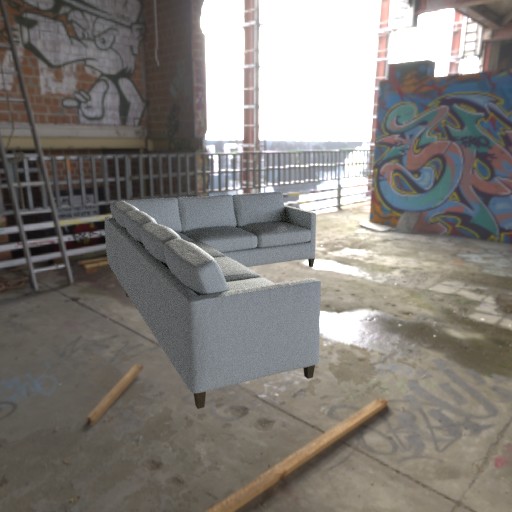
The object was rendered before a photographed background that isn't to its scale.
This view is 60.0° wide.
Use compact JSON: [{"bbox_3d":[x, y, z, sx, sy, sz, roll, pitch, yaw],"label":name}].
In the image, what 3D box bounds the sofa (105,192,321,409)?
● ● ●
• What to do
An exact copy of the whole listing is required, minus the pictures.

• Worked solution
The object was rendered before a photographed background that isn't to its scale.
This view is 60.0° wide.
Use compact JSON: [{"bbox_3d":[x, y, z, sx, sy, sz, roll, pitch, yaw],"label":name}].
In the image, what 3D box bounds the sofa (105,192,321,409)?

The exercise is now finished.